Source data:

★ ★ ★

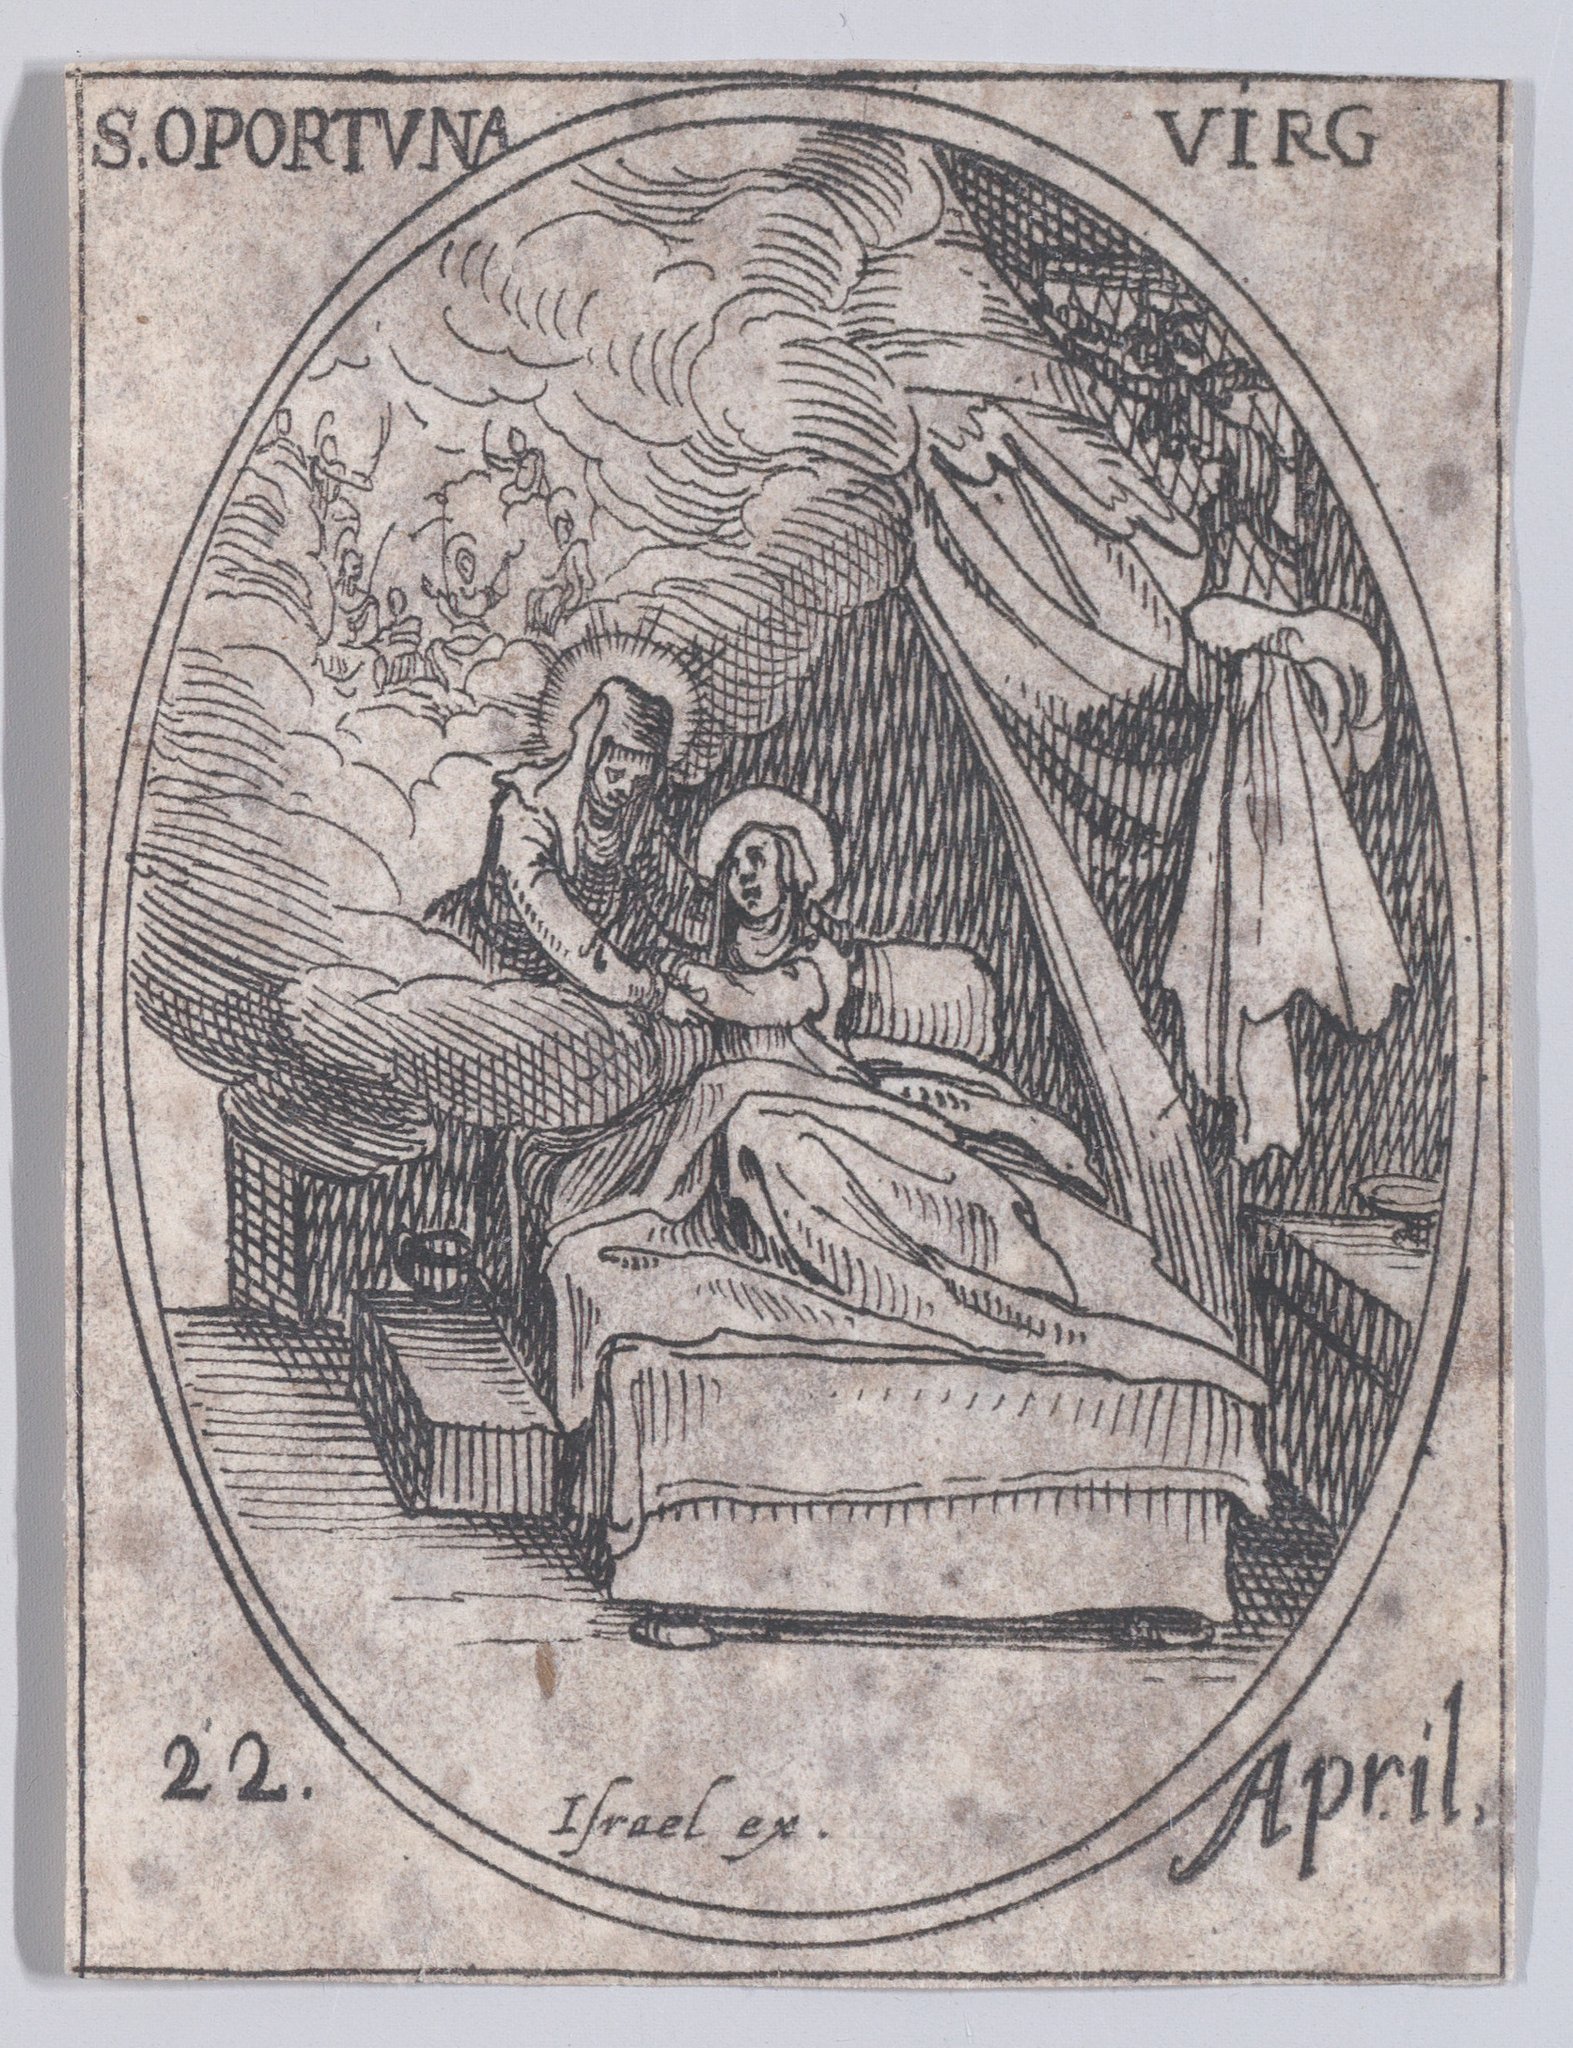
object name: print
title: Ste. Opportune, vierge (St. Opportuna, Virgin), April 22nd, from "Les Images De Tous Les Saincts et Saintes de L'Année" (Images of All of the Saints and Religious Events of the Year)
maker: jacques callot
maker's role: artist
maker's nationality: french
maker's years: 1592-1635
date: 1636
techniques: etching
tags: women,saints,beds
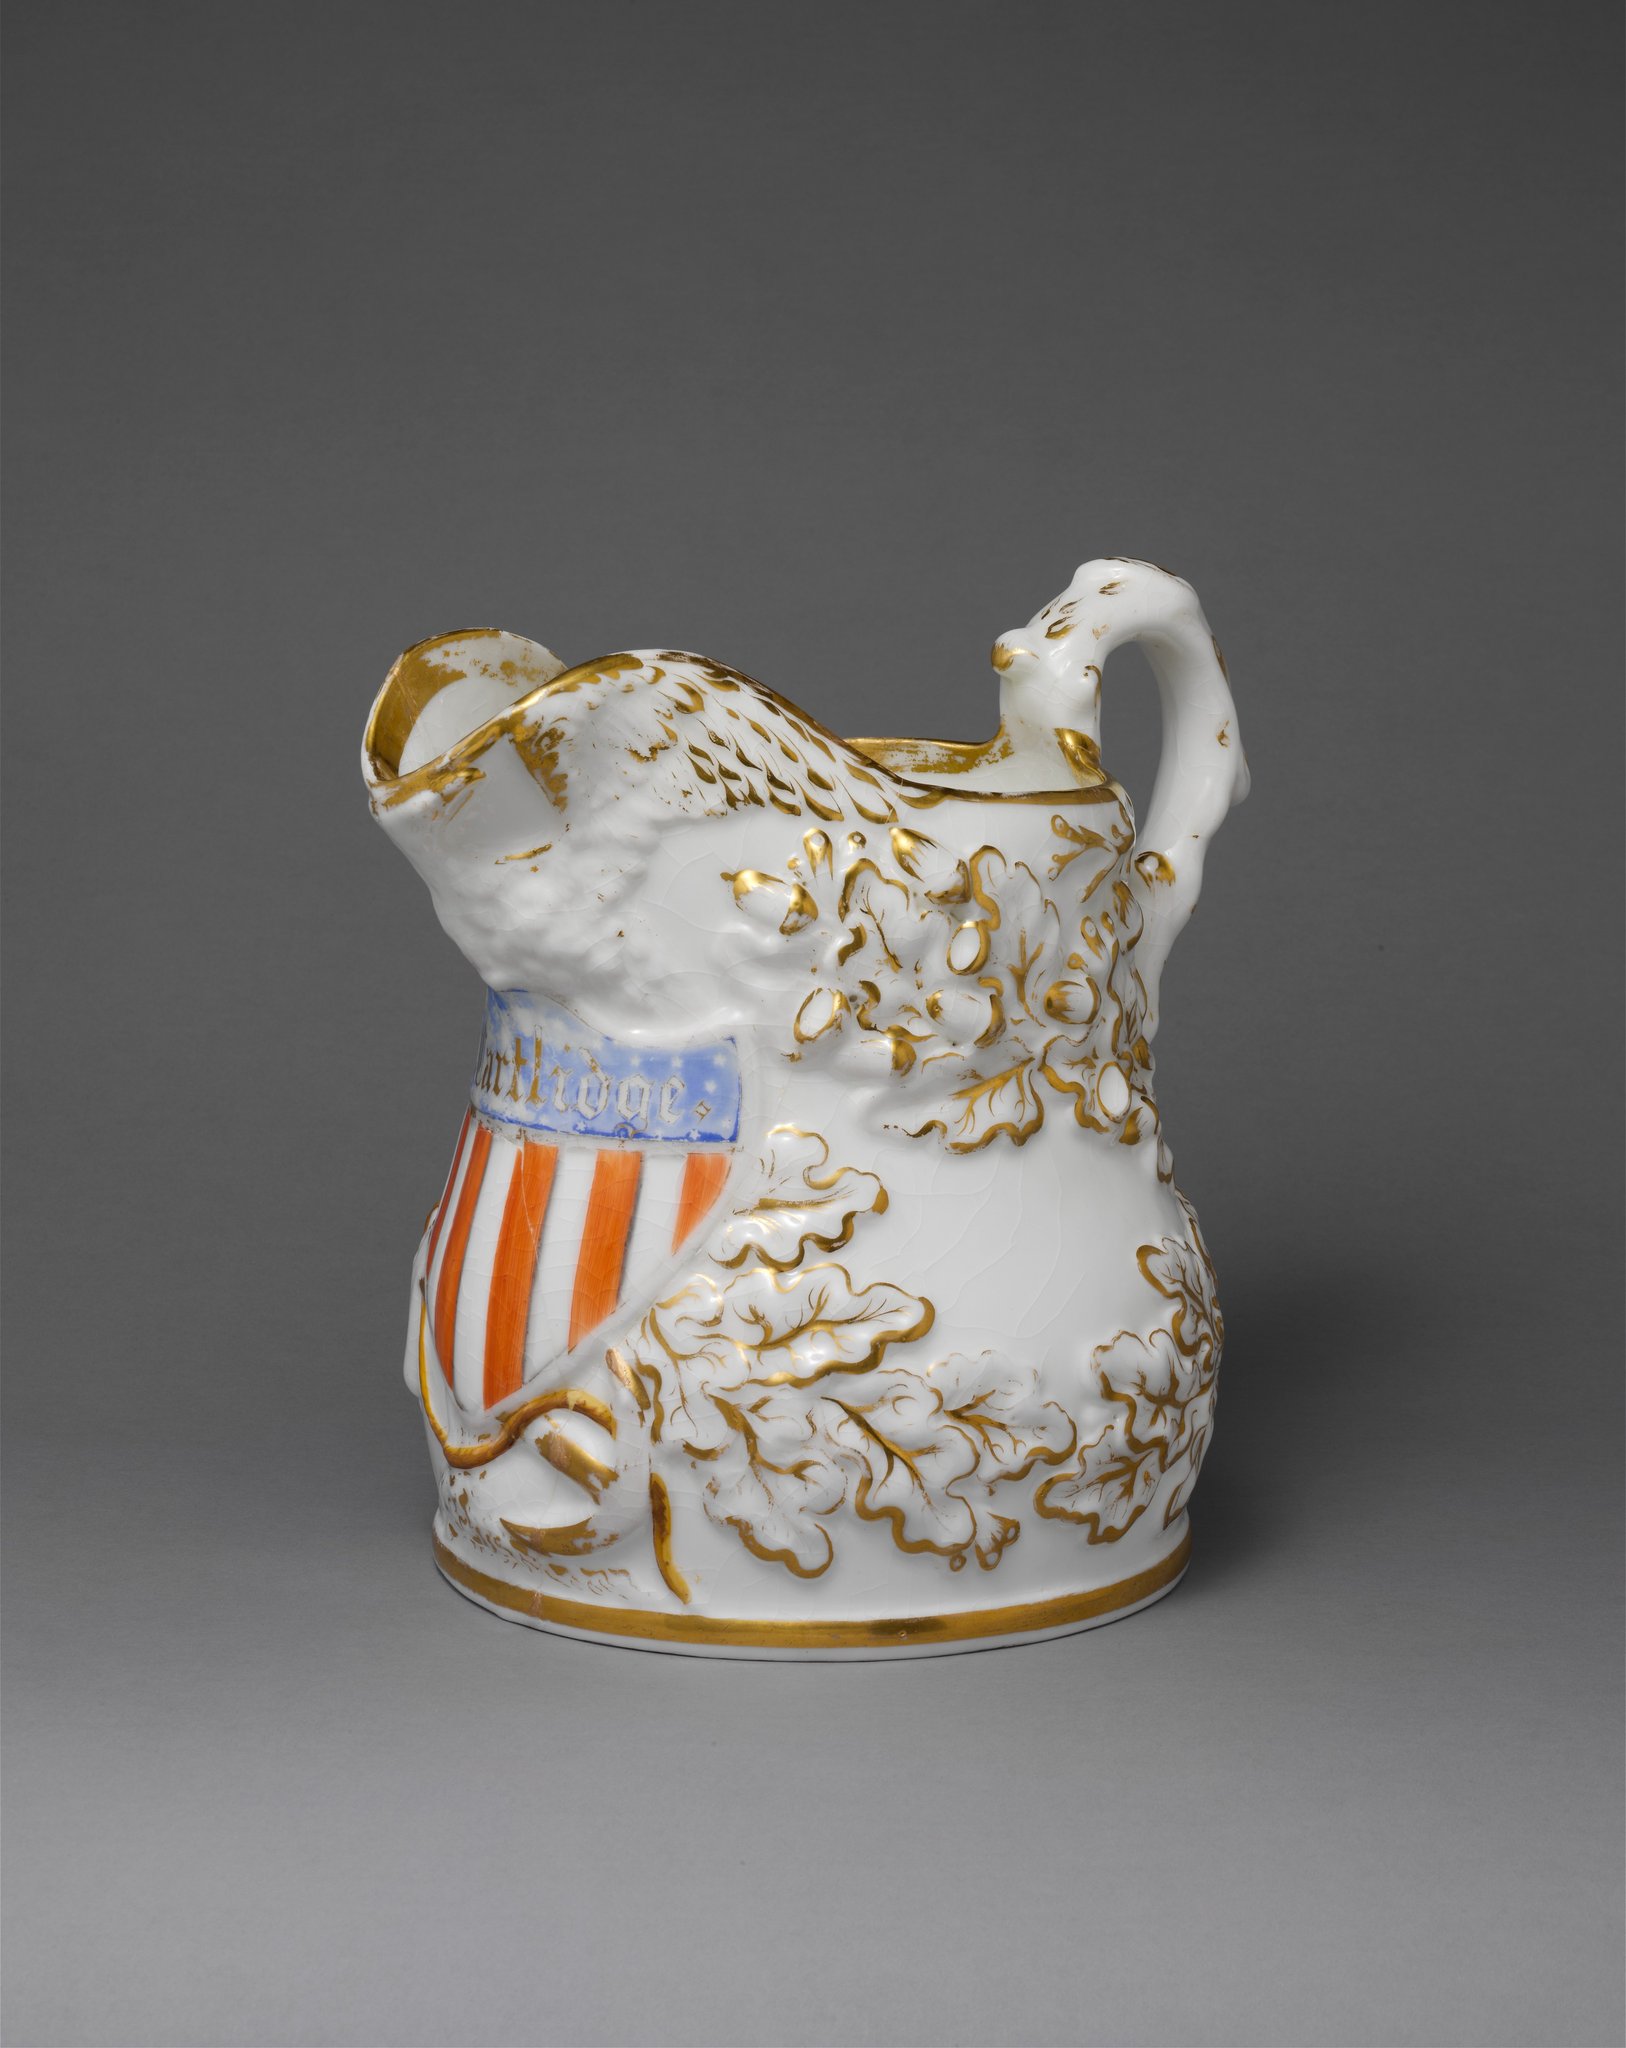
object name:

★ ★ ★

Work task: Pictures are to be left out when the lines from the one containing "maker's role: artist" through the end of the records above are repeated exactly; no other line is wanted.

Output of the task:
maker's role: artist
maker's nationality: french
maker's years: 1592-1635
date: 1636
techniques: etching
tags: women,saints,beds
object name:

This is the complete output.